| Input material |

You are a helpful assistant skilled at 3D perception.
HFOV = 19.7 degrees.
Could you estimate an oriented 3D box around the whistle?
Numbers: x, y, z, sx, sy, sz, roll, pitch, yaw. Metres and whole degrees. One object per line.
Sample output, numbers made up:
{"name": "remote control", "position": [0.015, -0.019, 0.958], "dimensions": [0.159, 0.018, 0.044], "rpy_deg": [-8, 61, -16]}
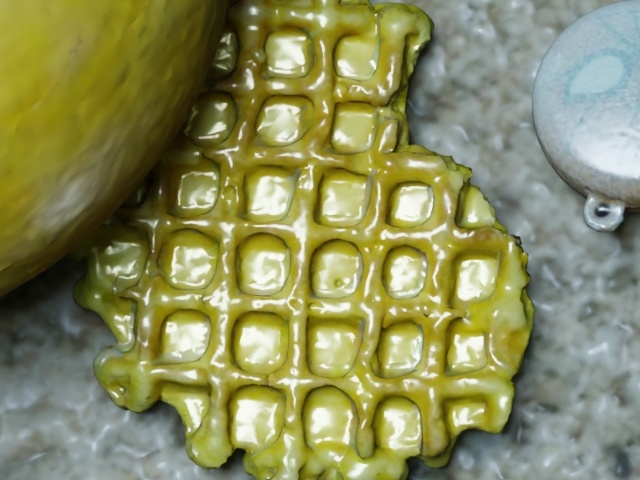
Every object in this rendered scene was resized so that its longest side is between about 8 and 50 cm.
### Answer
{"name": "whistle", "position": [0.172, -0.104, 0.921], "dimensions": [0.107, 0.057, 0.220], "rpy_deg": [16, 78, 16]}

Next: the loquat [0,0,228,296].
{"name": "loquat", "position": [-0.207, -0.113, 0.803], "dimensions": [0.328, 0.359, 0.328], "rpy_deg": [19, 48, -23]}

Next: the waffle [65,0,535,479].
{"name": "waffle", "position": [0.000, 0.000, 0.906], "dimensions": [0.253, 0.056, 0.249], "rpy_deg": [37, 85, 7]}
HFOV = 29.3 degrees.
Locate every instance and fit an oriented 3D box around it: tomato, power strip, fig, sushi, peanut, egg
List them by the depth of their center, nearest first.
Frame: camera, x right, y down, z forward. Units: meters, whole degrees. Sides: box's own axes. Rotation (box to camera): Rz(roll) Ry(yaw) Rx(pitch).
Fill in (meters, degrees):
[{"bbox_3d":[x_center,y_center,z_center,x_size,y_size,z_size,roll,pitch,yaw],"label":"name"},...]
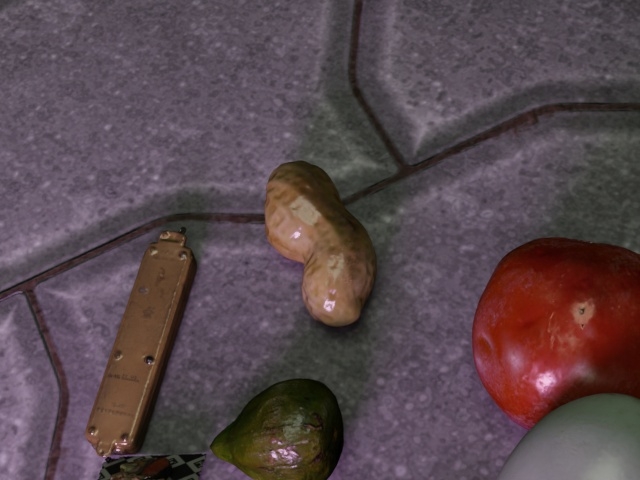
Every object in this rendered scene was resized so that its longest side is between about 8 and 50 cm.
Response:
[{"bbox_3d":[0.258,0.282,1.179,0.203,0.203,0.282,20,99,20],"label":"egg"},{"bbox_3d":[0.271,0.101,1.305,0.232,0.188,0.232,-5,60,10],"label":"tomato"},{"bbox_3d":[-0.053,0.211,1.343,0.156,0.123,0.123,-1,60,23],"label":"fig"},{"bbox_3d":[-0.195,0.259,1.349,0.120,0.026,0.126,-4,22,6],"label":"sushi"},{"bbox_3d":[-0.208,0.119,1.463,0.064,0.044,0.305,8,64,14],"label":"power strip"},{"bbox_3d":[0.000,0.000,1.464,0.103,0.098,0.229,-49,54,30],"label":"peanut"}]

| Instructions for the task |
If the string "meters" appears in a line of the entries, report the line.

| Reply |
Frame: camera, x right, y down, z forward. Units: meters, whole degrees. Sides: box's own axes. Rotation (box to camera): Rz(roll) Ry(yaw) Rx(pitch).
Fill in (meters, degrees):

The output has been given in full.